## PROBLEM
The copy has to match the records word for word and include no pictures.

## LISTED ENTRIES

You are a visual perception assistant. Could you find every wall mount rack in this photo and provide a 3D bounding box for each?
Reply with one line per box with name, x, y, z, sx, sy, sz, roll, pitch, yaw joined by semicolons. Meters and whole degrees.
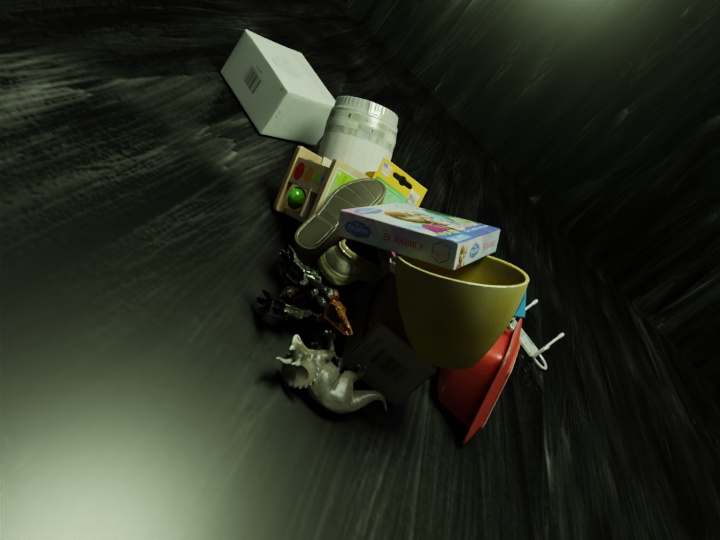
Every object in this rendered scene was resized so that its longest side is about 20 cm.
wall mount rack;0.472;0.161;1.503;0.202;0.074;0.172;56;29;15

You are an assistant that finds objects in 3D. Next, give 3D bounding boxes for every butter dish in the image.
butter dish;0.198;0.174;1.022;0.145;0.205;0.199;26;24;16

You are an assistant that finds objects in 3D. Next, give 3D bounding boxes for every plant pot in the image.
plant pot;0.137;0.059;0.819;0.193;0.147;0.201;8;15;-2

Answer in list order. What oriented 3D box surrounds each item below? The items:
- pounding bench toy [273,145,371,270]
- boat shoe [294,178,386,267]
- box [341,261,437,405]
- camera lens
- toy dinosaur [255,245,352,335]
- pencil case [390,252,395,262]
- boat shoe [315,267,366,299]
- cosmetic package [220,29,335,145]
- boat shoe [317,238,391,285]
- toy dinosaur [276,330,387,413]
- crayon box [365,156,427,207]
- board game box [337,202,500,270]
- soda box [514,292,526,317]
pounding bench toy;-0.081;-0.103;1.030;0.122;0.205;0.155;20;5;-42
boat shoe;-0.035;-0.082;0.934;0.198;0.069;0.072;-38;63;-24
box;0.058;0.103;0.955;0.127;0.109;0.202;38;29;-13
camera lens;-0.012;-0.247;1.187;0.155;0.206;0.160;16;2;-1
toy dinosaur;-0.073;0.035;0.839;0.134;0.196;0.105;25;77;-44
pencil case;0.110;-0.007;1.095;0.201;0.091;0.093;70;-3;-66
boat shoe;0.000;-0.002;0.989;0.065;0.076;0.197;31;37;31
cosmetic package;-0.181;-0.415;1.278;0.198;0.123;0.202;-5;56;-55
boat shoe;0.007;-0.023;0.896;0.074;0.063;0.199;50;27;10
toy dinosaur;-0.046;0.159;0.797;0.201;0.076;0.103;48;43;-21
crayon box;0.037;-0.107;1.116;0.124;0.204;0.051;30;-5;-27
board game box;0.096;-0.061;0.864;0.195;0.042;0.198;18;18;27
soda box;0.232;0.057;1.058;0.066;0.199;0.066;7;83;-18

## WRITTEN SOLUTION
You are a visual perception assistant. Could you find every wall mount rack in this photo and provide a 3D bounding box for each?
Reply with one line per box with name, x, y, z, sx, sy, sz, roll, pitch, yaw joined by semicolons. Meters and whole degrees.
Every object in this rendered scene was resized so that its longest side is about 20 cm.
wall mount rack;0.472;0.161;1.503;0.202;0.074;0.172;56;29;15

You are an assistant that finds objects in 3D. Next, give 3D bounding boxes for every butter dish in the image.
butter dish;0.198;0.174;1.022;0.145;0.205;0.199;26;24;16

You are an assistant that finds objects in 3D. Next, give 3D bounding boxes for every plant pot in the image.
plant pot;0.137;0.059;0.819;0.193;0.147;0.201;8;15;-2

Answer in list order. What oriented 3D box surrounds each item below? The items:
- pounding bench toy [273,145,371,270]
- boat shoe [294,178,386,267]
- box [341,261,437,405]
- camera lens
- toy dinosaur [255,245,352,335]
- pencil case [390,252,395,262]
- boat shoe [315,267,366,299]
- cosmetic package [220,29,335,145]
- boat shoe [317,238,391,285]
- toy dinosaur [276,330,387,413]
- crayon box [365,156,427,207]
- board game box [337,202,500,270]
- soda box [514,292,526,317]
pounding bench toy;-0.081;-0.103;1.030;0.122;0.205;0.155;20;5;-42
boat shoe;-0.035;-0.082;0.934;0.198;0.069;0.072;-38;63;-24
box;0.058;0.103;0.955;0.127;0.109;0.202;38;29;-13
camera lens;-0.012;-0.247;1.187;0.155;0.206;0.160;16;2;-1
toy dinosaur;-0.073;0.035;0.839;0.134;0.196;0.105;25;77;-44
pencil case;0.110;-0.007;1.095;0.201;0.091;0.093;70;-3;-66
boat shoe;0.000;-0.002;0.989;0.065;0.076;0.197;31;37;31
cosmetic package;-0.181;-0.415;1.278;0.198;0.123;0.202;-5;56;-55
boat shoe;0.007;-0.023;0.896;0.074;0.063;0.199;50;27;10
toy dinosaur;-0.046;0.159;0.797;0.201;0.076;0.103;48;43;-21
crayon box;0.037;-0.107;1.116;0.124;0.204;0.051;30;-5;-27
board game box;0.096;-0.061;0.864;0.195;0.042;0.198;18;18;27
soda box;0.232;0.057;1.058;0.066;0.199;0.066;7;83;-18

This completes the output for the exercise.